Records from a data collection -
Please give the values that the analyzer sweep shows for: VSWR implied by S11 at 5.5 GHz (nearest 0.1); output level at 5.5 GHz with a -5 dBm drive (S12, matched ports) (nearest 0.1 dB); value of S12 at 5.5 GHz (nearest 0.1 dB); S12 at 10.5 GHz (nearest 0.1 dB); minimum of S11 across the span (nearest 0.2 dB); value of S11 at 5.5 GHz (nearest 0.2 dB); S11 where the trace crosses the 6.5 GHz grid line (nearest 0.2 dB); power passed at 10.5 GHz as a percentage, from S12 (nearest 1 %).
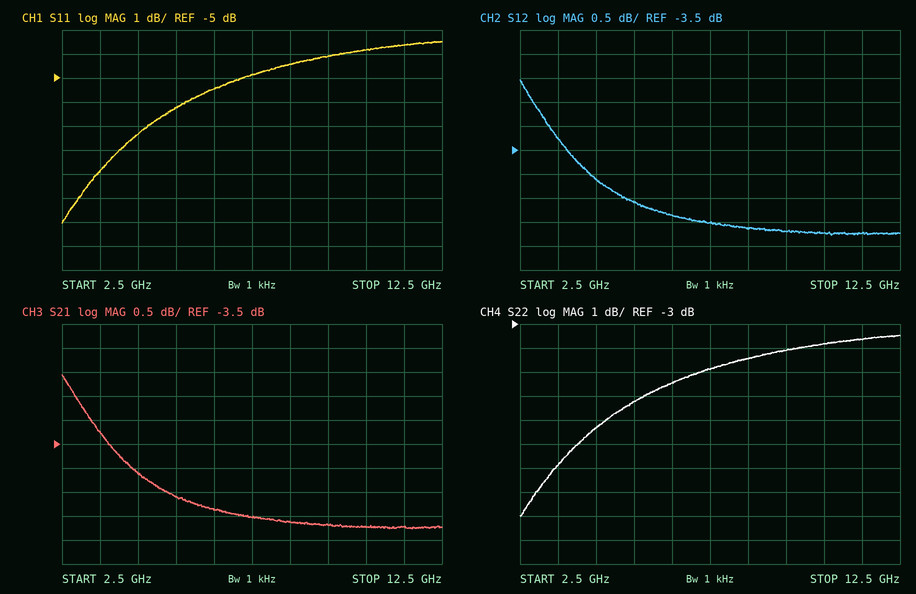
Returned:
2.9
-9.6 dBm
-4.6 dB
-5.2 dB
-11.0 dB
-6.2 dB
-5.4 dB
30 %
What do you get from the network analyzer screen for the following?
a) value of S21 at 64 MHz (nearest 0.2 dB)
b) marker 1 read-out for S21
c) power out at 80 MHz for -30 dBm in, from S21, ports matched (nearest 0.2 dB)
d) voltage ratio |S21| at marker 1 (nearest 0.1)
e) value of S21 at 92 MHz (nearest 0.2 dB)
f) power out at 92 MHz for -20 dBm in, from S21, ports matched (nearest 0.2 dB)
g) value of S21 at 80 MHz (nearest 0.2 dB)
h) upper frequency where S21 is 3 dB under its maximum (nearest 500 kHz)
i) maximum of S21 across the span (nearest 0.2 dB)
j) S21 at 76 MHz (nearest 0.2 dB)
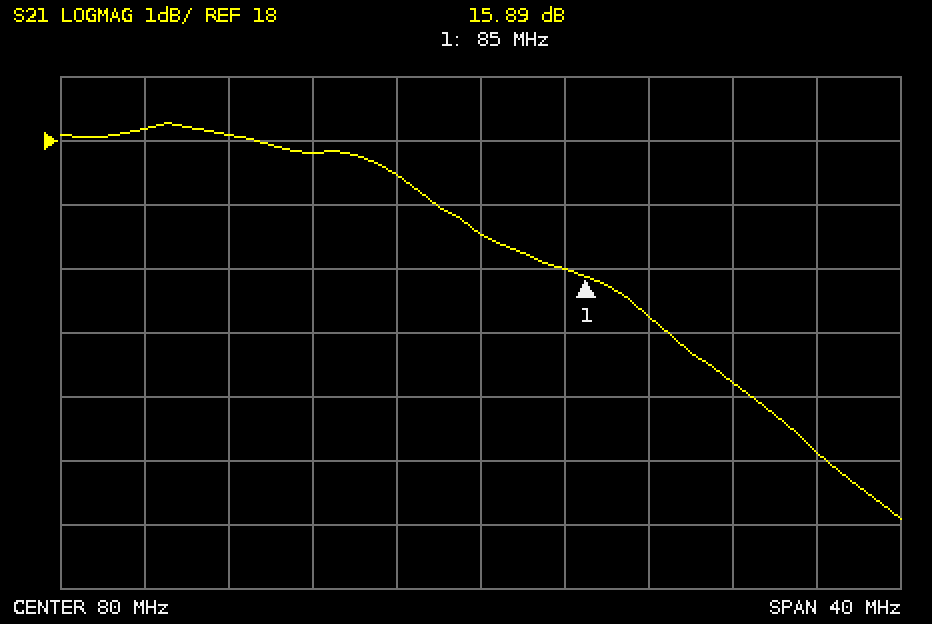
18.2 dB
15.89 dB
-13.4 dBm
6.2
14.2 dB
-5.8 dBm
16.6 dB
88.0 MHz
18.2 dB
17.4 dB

--

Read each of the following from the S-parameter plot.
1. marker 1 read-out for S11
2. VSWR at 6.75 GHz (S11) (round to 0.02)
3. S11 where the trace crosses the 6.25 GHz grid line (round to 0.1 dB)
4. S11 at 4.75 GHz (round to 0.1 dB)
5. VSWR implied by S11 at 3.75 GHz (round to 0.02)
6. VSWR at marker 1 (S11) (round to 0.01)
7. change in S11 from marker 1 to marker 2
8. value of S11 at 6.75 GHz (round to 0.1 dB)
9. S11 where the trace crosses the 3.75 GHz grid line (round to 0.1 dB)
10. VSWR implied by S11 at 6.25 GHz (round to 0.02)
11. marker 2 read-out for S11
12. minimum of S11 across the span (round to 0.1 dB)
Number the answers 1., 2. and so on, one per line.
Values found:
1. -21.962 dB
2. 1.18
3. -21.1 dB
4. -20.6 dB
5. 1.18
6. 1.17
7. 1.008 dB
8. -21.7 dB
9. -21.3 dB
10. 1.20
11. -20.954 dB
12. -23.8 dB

TASK OBJECTIVE - Please find each line in the records above that holds the word "across", and copy it.

SOLVED EXERCISE -
Please give the values that the analyzer sweep shows for: VSWR implied by S11 at 5.5 GHz (nearest 0.1); output level at 5.5 GHz with a -5 dBm drive (S12, matched ports) (nearest 0.1 dB); value of S12 at 5.5 GHz (nearest 0.1 dB); S12 at 10.5 GHz (nearest 0.1 dB); minimum of S11 across the span (nearest 0.2 dB); value of S11 at 5.5 GHz (nearest 0.2 dB); S11 where the trace crosses the 6.5 GHz grid line (nearest 0.2 dB); power passed at 10.5 GHz as a percentage, from S12 (nearest 1 %).
i) maximum of S21 across the span (nearest 0.2 dB)
12. minimum of S11 across the span (round to 0.1 dB)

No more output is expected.